I’m running this on a compute cluster where cuDNN 7.4~7.6 are installed. I tried loading each of them but none successful.

For cuDNN 7.4, CUDA 10.0.130, I’m getting this error:

┌ Warning: CUDNN is not installed, some functionality will not be available.
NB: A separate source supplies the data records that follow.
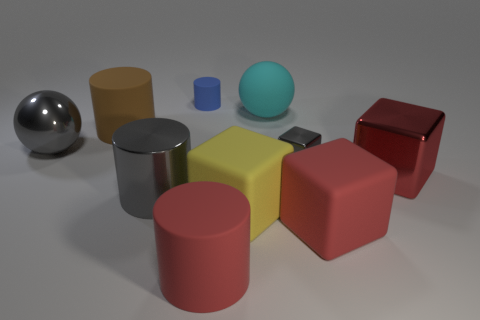Subtract all large yellow cubes. How many cubes are left? 3 Subtract all gray spheres. How many spheres are left? 1 Subtract 1 cylinders. How many cylinders are left? 3 Subtract all green cylinders. Subtract all gray spheres. How many cylinders are left? 4 Subtract all gray cubes. How many gray cylinders are left? 1 Subtract all small brown shiny objects. Subtract all large gray metallic cylinders. How many objects are left? 9 Add 8 red matte cylinders. How many red matte cylinders are left? 9 Add 2 tiny metallic spheres. How many tiny metallic spheres exist? 2 Subtract 1 yellow blocks. How many objects are left? 9 Subtract all cubes. How many objects are left? 6 
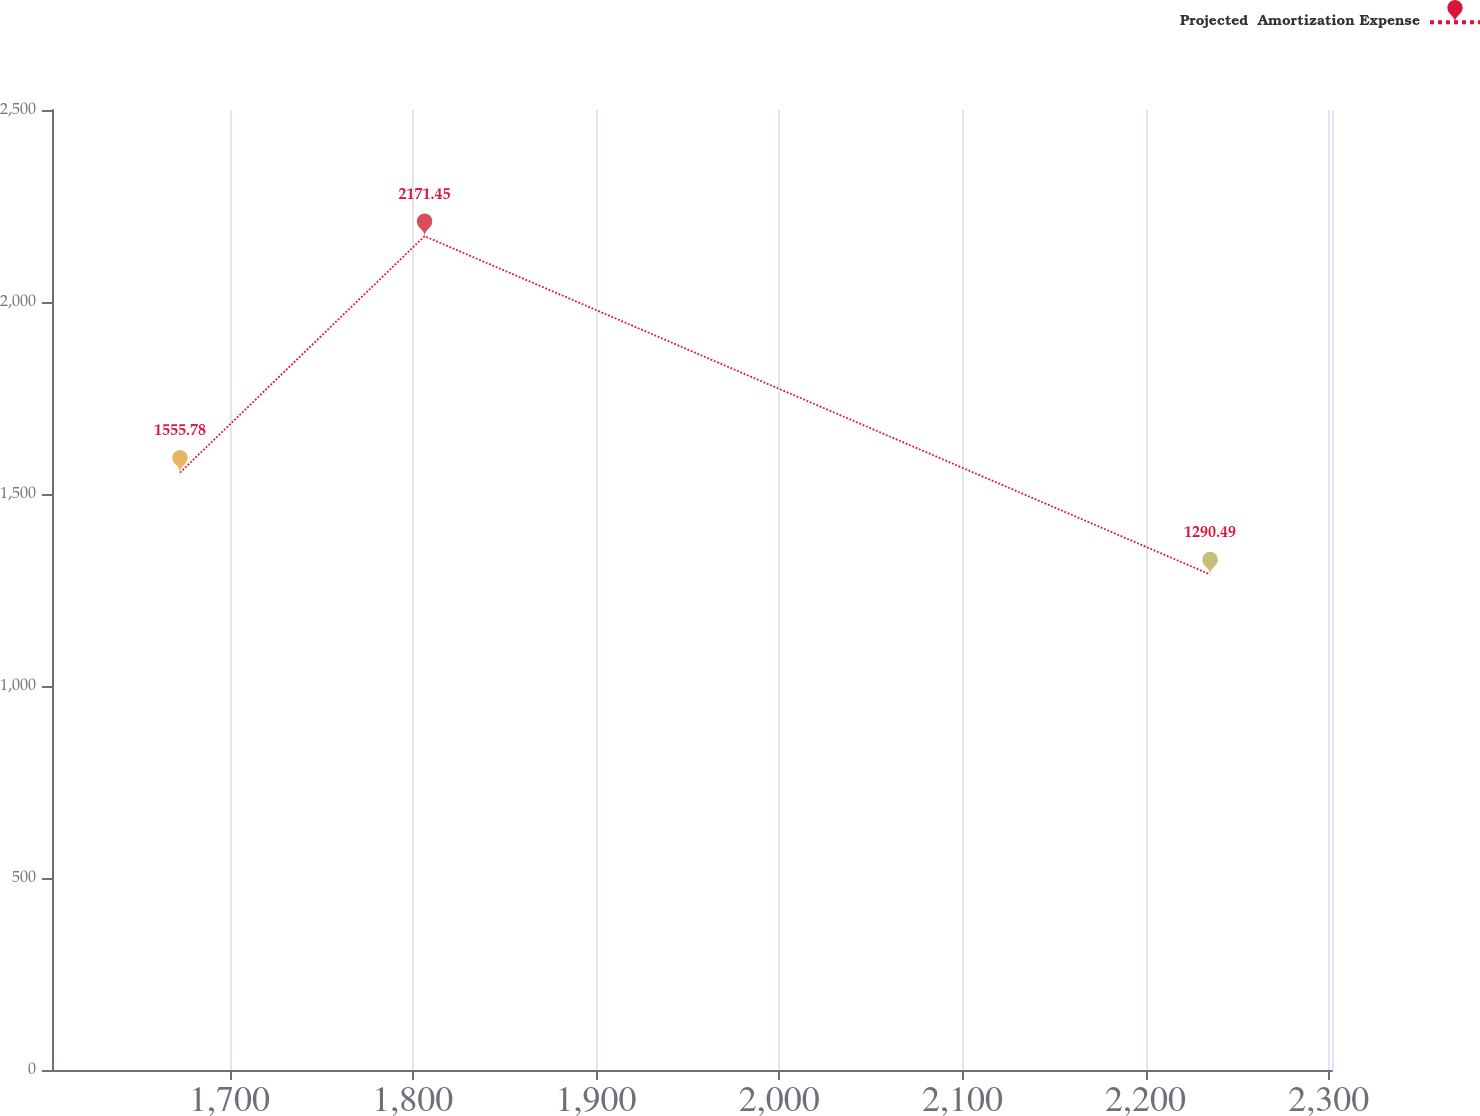Convert chart to OTSL. <chart><loc_0><loc_0><loc_500><loc_500><line_chart><ecel><fcel>Projected  Amortization Expense<nl><fcel>1672.92<fcel>1555.78<nl><fcel>1806.44<fcel>2171.45<nl><fcel>2235.2<fcel>1290.49<nl><fcel>2303.41<fcel>986.09<nl><fcel>2371.62<fcel>735.43<nl></chart> 
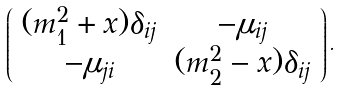<formula> <loc_0><loc_0><loc_500><loc_500>\left ( \begin{array} { c c } { { ( m _ { 1 } ^ { 2 } + x ) \delta _ { i j } } } & { { - \mu _ { i j } } } \\ { { - \mu _ { j i } } } & { { ( m _ { 2 } ^ { 2 } - x ) \delta _ { i j } } } \end{array} \right ) .</formula>

└ @ Flux.CUDA ~/.julia/packages/Flux/qXNjB/src/cuda/cuda.jl:35
ERROR: LoadError: Your installation does not provide libcudnn, CuArrays.CUDNN is unavailable
Stacktrace:
 [1] error(::String) at ./error.jl:33
 [2] macro expansion at /home/jchen975/.julia/packages/CuArrays/kOUu1/src/dnn/error.jl:17 [inlined]
 [3] cudnnGetProperty at /home/jchen975/.julia/packages/CuArrays/kOUu1/src/dnn/libcudnn.jl:474 [inlined]
 [4] version() at /home/jchen975/.julia/packages/CuArrays/kOUu1/src/dnn/CUDNN.jl:43
 [5] #conv!#22(::Int64, ::Int64, ::typeof(conv!), ::CuArray{Float32,4}, ::CuArray{Float32,4}, ::CuArray{Float32,4}, ::DenseConvDims{2,(1, 3),4,8,(1, 1),(0, 0, 1, 1),(1, 1),false}) at /home/jchen975/.julia/packages/CuArrays/kOUu1/src/dnn/nnlib.jl:44
 [6] conv!(::CuArray{Float32,4}, ::CuArray{Float32,4}, ::CuArray{Float32,4}, ::DenseConvDims{2,(1, 3),4,8,(1, 1),(0, 0, 1, 1),(1, 1),false}) at /home/jchen975/.julia/packages/CuArrays/kOUu1/src/dnn/nnlib.jl:44
 [7] macro expansion at /home/jchen975/.julia/packages/NNlib/mxWRT/src/conv.jl:114 [inlined]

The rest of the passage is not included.